**EXERCISE DIRECTIONS**
Read the records beneath this task and copy every line that contains the string "from".

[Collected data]
○ ○ ○

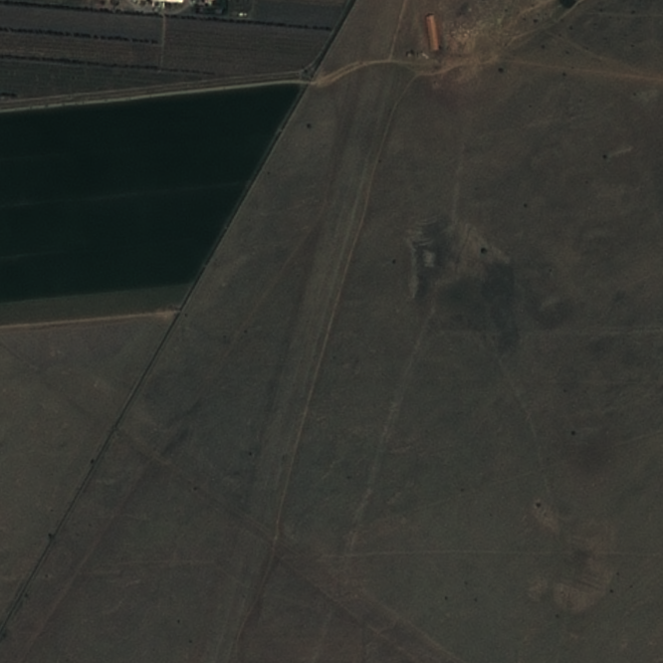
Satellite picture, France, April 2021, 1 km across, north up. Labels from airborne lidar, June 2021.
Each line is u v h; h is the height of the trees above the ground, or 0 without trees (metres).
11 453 0
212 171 0
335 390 0
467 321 0
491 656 0
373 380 0
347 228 0
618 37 0
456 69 0
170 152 0
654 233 0
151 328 0
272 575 0
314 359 0
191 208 0
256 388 0
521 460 0
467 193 0
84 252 0
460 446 0
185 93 0
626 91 0
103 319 0
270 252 0
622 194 0
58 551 0
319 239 0
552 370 0
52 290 0
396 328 0
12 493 0
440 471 0
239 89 0
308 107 0
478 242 0
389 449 0
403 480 0
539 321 0
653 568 0
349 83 0
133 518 0
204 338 0
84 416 0
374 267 0
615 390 0
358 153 0
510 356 0
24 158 0
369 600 0
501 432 0
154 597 0
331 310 0
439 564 0
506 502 0
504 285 0
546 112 0
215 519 0
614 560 0
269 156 0
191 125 0
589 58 0
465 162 0
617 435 0
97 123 0
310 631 0
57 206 0
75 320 0
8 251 0
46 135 0
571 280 0
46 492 0
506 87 0
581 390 0
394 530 0
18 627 0
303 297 0
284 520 0
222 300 0
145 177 0
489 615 0
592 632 0
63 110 0
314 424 0
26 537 0
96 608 0
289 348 0
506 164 0
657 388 0
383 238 0
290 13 0
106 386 0
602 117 0
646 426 0
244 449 0
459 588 0
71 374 0
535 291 0
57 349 0
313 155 0
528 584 0
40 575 0
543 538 0
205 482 0
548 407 0
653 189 0
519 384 0
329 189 0
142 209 0
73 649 0
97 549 0
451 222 0
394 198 0
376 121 0
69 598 0
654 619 0
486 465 0
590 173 0
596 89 0
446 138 0
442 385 0
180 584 0
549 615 0
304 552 0
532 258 0
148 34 0
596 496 0
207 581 0
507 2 0
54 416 0
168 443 0
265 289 0
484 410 0
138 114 0
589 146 0
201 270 0
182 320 0
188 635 0
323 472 0
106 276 0
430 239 0
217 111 0
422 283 0
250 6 0
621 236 0
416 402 0
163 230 0
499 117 0
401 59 0
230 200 0
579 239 0
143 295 0
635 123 0
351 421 0
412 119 0
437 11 0
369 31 0
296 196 0
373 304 0
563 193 0
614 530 0
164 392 0
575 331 0
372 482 0
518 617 0
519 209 0
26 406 0
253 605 0
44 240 0
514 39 0
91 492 0
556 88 0
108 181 0
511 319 0
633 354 0
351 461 0
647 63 0
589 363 0
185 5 0
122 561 0
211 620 0
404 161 0
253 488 0
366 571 0
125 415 0
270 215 0
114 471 0
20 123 0
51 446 0
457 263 0
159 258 0
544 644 0
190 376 0
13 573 0
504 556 0
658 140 0
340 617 0
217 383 0
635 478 0
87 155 0
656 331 0
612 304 0
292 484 0
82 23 0
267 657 0
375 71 0
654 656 0
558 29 0
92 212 0
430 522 0
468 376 0
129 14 8
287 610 0
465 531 0
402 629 0
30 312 0
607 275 0
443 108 0
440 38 0
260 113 0
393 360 0
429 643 0
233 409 0
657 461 0
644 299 0
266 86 0
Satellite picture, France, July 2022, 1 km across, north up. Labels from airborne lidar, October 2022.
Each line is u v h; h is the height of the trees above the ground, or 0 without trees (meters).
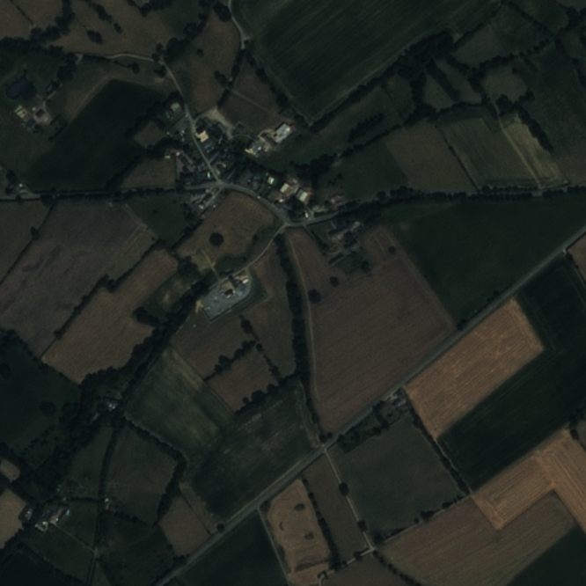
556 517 0
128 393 10
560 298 0
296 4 0
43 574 0
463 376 0
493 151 0
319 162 11
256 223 0
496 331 0
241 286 0
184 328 0
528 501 0
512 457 0
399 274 0
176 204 0
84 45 0
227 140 8
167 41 0
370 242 0
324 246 16
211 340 0
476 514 0
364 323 0
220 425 0
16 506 0
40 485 21
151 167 0
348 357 0
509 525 0
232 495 0
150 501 0
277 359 0
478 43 0
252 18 0
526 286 0
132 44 0
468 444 0
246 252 0
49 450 0
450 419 0
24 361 0
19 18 0
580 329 0
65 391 0
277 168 0
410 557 0
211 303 0
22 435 0
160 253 0
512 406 0
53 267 0
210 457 0
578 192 14
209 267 0
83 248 0
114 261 0
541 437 0
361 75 0
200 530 0
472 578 0
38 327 0
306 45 0
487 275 0
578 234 0
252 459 0
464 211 0
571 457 0
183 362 0
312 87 0
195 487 0
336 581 0
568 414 0
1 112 0
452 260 0
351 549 0
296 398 0
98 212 0
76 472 0
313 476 0
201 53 9
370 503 0
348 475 0
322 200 0
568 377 0
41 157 0
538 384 0
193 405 0
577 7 0
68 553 0
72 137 0
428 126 0
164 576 10
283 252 19
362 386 0
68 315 0
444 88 8
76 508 0
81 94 0
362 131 19
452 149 9
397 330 0
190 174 6
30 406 0
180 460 16
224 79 14
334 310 0
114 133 0
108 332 0
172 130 0
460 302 0
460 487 14
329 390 0
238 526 0
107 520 0
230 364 19
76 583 14
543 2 0
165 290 0
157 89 0
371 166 0
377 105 0
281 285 0
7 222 0
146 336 0
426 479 0
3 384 0
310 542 0
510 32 0
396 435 0
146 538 0
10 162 0
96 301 0
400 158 0
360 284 0
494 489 0
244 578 0
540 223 0
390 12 0
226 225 0
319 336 0
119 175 12
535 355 0
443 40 18
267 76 19
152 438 15
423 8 0
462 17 0
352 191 0
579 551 0
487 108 10
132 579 0
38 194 8
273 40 0
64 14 6
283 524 0
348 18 0
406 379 0
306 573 0
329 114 8
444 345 0
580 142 0
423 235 0
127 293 0
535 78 0
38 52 11
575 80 0
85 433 17
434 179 0
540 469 0
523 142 0
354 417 0
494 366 0
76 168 0
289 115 0
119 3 0
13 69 0
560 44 16
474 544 0
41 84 0
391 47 0
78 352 0
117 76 0
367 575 0
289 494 0
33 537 0
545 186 0
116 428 12
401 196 14
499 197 17
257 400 21
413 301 0
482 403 0
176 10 0
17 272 0
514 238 0
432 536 0
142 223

○ ○ ○

**WRITTEN SOLUTION**
Satellite picture, France, April 2021, 1 km across, north up. Labels from airborne lidar, June 2021.
Satellite picture, France, July 2022, 1 km across, north up. Labels from airborne lidar, October 2022.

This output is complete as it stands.